Reproduce exactly the lines below from the one containing "2) supplement tub" through the one containing "12) sandal (394,156,430,197)", including both, and nothing else.

### Input records:
=== Begin Enclosure ===
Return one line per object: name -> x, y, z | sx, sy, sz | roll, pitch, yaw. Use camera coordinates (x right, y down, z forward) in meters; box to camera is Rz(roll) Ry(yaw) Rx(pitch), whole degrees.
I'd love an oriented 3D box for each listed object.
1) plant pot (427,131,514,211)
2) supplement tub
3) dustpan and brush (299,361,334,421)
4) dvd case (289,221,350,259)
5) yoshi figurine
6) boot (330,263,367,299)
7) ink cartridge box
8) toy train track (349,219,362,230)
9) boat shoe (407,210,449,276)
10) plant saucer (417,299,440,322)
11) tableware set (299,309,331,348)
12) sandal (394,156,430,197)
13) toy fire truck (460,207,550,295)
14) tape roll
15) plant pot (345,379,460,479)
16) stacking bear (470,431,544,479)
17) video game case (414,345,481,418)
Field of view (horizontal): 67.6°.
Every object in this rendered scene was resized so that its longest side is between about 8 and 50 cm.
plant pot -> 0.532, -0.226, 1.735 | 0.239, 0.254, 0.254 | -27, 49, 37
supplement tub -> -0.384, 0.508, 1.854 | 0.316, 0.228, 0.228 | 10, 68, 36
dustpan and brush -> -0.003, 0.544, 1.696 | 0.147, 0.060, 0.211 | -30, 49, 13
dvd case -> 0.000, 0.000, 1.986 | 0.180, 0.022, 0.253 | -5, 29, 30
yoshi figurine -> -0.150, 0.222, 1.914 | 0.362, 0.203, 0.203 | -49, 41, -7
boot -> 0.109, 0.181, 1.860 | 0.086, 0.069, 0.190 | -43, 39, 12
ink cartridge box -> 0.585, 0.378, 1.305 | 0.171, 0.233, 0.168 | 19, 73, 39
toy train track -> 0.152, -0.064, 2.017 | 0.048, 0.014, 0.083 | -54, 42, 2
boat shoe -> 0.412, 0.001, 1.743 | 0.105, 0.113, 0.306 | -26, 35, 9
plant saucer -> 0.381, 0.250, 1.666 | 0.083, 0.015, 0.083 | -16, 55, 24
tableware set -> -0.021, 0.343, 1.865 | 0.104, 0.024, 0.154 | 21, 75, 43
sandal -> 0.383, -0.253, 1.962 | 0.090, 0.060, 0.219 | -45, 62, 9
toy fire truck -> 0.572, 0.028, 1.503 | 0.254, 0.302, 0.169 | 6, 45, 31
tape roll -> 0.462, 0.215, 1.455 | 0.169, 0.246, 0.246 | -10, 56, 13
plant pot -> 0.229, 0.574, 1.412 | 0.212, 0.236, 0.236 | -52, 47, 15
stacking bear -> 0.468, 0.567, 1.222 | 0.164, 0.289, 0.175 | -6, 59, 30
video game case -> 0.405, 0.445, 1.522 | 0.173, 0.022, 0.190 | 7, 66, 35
=== End Enclosure ===
### Answer:
2) supplement tub
3) dustpan and brush (299,361,334,421)
4) dvd case (289,221,350,259)
5) yoshi figurine
6) boot (330,263,367,299)
7) ink cartridge box
8) toy train track (349,219,362,230)
9) boat shoe (407,210,449,276)
10) plant saucer (417,299,440,322)
11) tableware set (299,309,331,348)
12) sandal (394,156,430,197)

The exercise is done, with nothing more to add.